Most of us want something for our money. We like to see
results of our spending. This means we are happy to open our wallets when there
is a crisis or like to give to special projects. Sometimes, though, don’t
always give as generously as we could to the general fund of the church. It’s
the week over week giving that keeps the lights and heat on.
Living into the
foolishness means being willing to go with God’s plan instead of your own.
Think about: Are there parts of your
life separate from God? Do you pray about not just what you give to the church,
but your whole budget?
There is a saying: show me your checkbook and I’ll show you
what you really value. It’s easy to feel
like our spending is beyond our control. We have bills to pay, mouths to feed,
a future to save for. Trusting God means going for God to guidance in all areas
of life. Not just giving what’s leftover.
Trusting God’s gifts
means doing less with our time, not more.

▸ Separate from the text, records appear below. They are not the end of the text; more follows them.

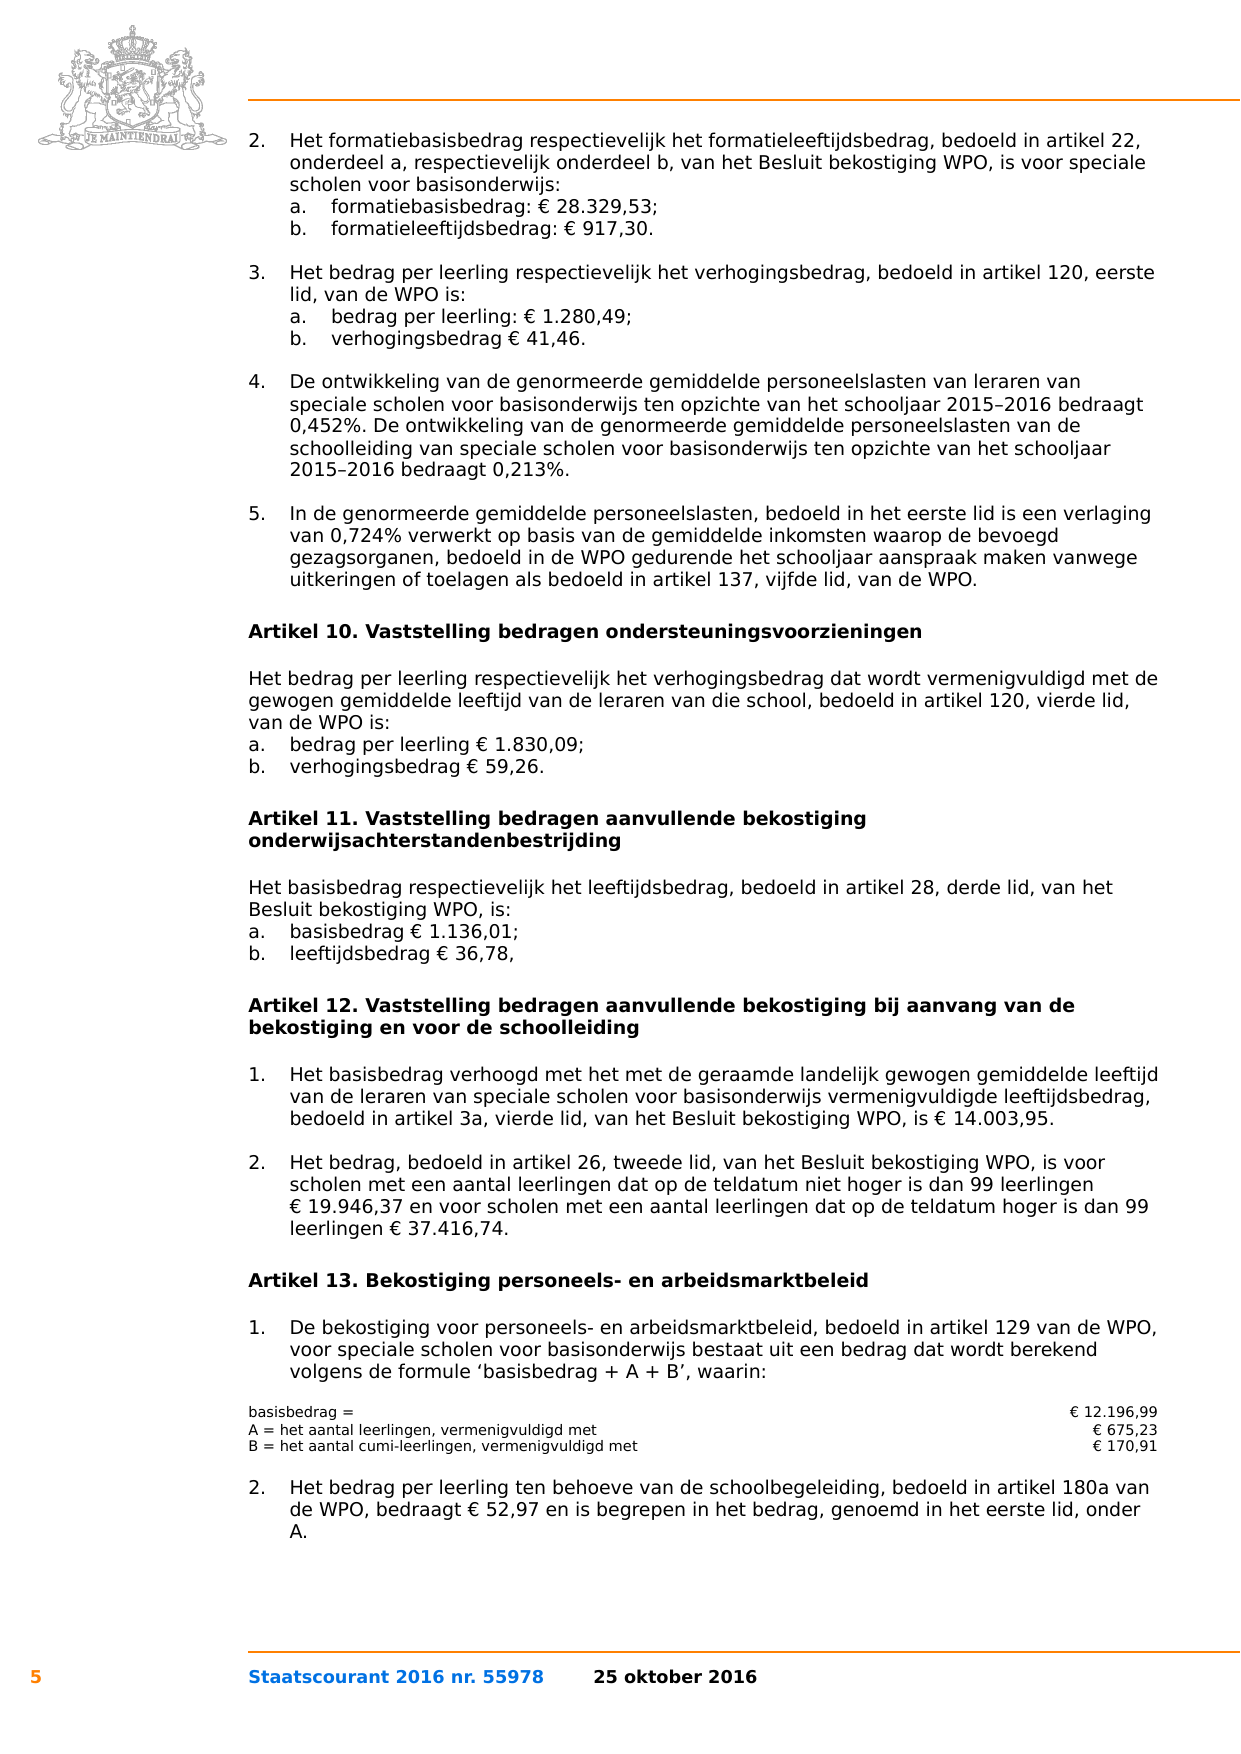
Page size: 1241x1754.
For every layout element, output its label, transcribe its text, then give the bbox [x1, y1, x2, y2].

text 5. In de genormeerde gemiddelde personeelslasten, bedoeld in het eerste lid is een verlaging van 0,724% verwerkt op basis van de gemiddelde inkomsten waarop de bevoegd gezagsorganen, bedoeld in de WPO gedurende het schooljaar aanspraak maken vanwege uitkeringen of toelagen als bedoeld in artikel 137, vijfde lid, van de WPO. [248, 503, 1163, 591]
text Het basisbedrag respectievelijk het leeftijdsbedrag, bedoeld in artikel 28, derde lid, van het Besluit bekostiging WPO, is: [248, 877, 1163, 921]
text 2. Het bedrag, bedoeld in artikel 26, tweede lid, van het Besluit bekostiging WPO, is voor scholen met een aantal leerlingen dat op de teldatum niet hoger is dan 99 leerlingen € 19.946,37 en voor scholen met een aantal leerlingen dat op de teldatum hoger is dan 99 leerlingen € 37.416,74. [248, 1152, 1163, 1239]
table_cell B = het aantal cumi-leerlingen, vermenigvuldigd met [248, 1438, 931, 1455]
text 2. Het bedrag per leerling ten behoeve van de schoolbegeleiding, bedoeld in artikel 180a van de WPO, bedraagt € 52,97 en is begrepen in het bedrag, genoemd in het eerste lid, onder A. [248, 1477, 1163, 1543]
text a. bedrag per leerling: € 1.280,49; [289, 306, 1163, 328]
text 2. Het formatiebasisbedrag respectievelijk het formatieleeftijdsbedrag, bedoeld in artikel 22, onderdeel a, respectievelijk onderdeel b, van het Besluit bekostiging WPO, is voor speciale scholen voor basisonderwijs: [248, 130, 1163, 196]
text 3. Het bedrag per leerling respectievelijk het verhogingsbedrag, bedoeld in artikel 120, eerste lid, van de WPO is: [248, 262, 1163, 306]
text a. bedrag per leerling € 1.830,09; [248, 734, 1163, 756]
table_header € 12.196,99 [931, 1404, 1163, 1421]
table_cell € 170,91 [931, 1438, 1163, 1455]
subtitle Artikel 13. Bekostiging personeels- en arbeidsmarktbeleid [248, 1269, 1163, 1292]
table_cell A = het aantal leerlingen, vermenigvuldigd met [248, 1421, 931, 1438]
subtitle Artikel 10. Vaststelling bedragen ondersteuningsvoorzieningen [248, 621, 1163, 643]
text 1. De bekostiging voor personeels- en arbeidsmarktbeleid, bedoeld in artikel 129 van de WPO, voor speciale scholen voor basisonderwijs bestaat uit een bedrag dat wordt berekend volgens de formule ‘basisbedrag + A + B’, waarin: [248, 1317, 1163, 1382]
text b. leeftijdsbedrag € 36,78, [248, 943, 1163, 965]
text 4. De ontwikkeling van de genormeerde gemiddelde personeelslasten van leraren van speciale scholen voor basisonderwijs ten opzichte van het schooljaar 2015–2016 bedraagt 0,452%. De ontwikkeling van de genormeerde gemiddelde personeelslasten van de schoolleiding van speciale scholen voor basisonderwijs ten opzichte van het schooljaar 2015–2016 bedraagt 0,213%. [248, 371, 1163, 481]
text 1. Het basisbedrag verhoogd met het met de geraamde landelijk gewogen gemiddelde leeftijd van de leraren van speciale scholen voor basisonderwijs vermenigvuldigde leeftijdsbedrag, bedoeld in artikel 3a, vierde lid, van het Besluit bekostiging WPO, is € 14.003,95. [248, 1064, 1163, 1130]
text a. basisbedrag € 1.136,01; [248, 921, 1163, 943]
table_cell € 675,23 [931, 1421, 1163, 1438]
text b. formatieleeftijdsbedrag: € 917,30. [289, 218, 1163, 240]
text Het bedrag per leerling respectievelijk het verhogingsbedrag dat wordt vermenigvuldigd met de gewogen gemiddelde leeftijd van de leraren van die school, bedoeld in artikel 120, vierde lid, van de WPO is: [248, 668, 1163, 734]
table_header basisbedrag = [248, 1404, 931, 1421]
picture [38, 25, 227, 150]
subtitle Artikel 12. Vaststelling bedragen aanvullende bekostiging bij aanvang van de bekostiging en voor de schoolleiding [248, 995, 1163, 1039]
text b. verhogingsbedrag € 41,46. [289, 328, 1163, 349]
text b. verhogingsbedrag € 59,26. [248, 756, 1163, 778]
text a. formatiebasisbedrag: € 28.329,53; [289, 196, 1163, 218]
subtitle Artikel 11. Vaststelling bedragen aanvullende bekostiging onderwijsachterstandenbestrijding [248, 808, 1163, 852]

Think about: Are you a good steward
of your time? Do you set aside enough time to refresh yourself and to serve
God?
We are a busy culture. Finding enough time to refresh
ourselves is a way of honoring God. It’s a way of saying that you care for one
of God’s greatest creations—YOURSELF! When you do nothing you practice sacred
rest (or Sabbath keeping). Out of this nothingness often comes something. We are
better able to love God and others. Out of that refreshment we get the energy
to serve others.
Trusting God’s foolish
gifts means being a little foolish when it comes to people. It means that we are to love not
just those to love us, but love our enemies. We are to pray for those who
persecute us. We are to care for people who cannot return the favor because
they are too poor or too sick or in jail.
Trusting God’s foolish
gifts means trusting that the crucifixion is a way to life instead of death. It means trusting that foolish line
in the Apostle’s creed about believing in the resurrection of the body. Not the
soul flying into the clouds for a happy ever after, but some sort of bodily
transformation out the ashes or a corpse filled with embalming fluid. Talk
about foolish.
Tithing—giving away our money, Sabbath keeping—taking time to
do nothing, helping people who cannot help themselves—these are not the ways to
get ahead in the world. But they are exactly what the Bible tells us to do. To
our ears, it’s crazy. It’s foolishness.
So is the idea the Jesus dies so that we may have eternal
life. The idea of resurrection and afterlife is difficult to make sense of in
our world. Our coming to God after our breath stops is foolishness, but it is
our story. It is our hope.
Paul reminds us that in the midst of all this foolishness we
have the mind of Jesus—the mind of Christ crucified. We have the mind of a man
who loved his neighbors and enemies. We
have the mind of a man who prayed for the people who killed him. We have the
mind of a man was not afraid to appear foolish and defeated. We have the mind
of a man who knows firsthand the mystery and power of God and was not
afraid to live it for the world to see.
Some call it all foolish. I call it God.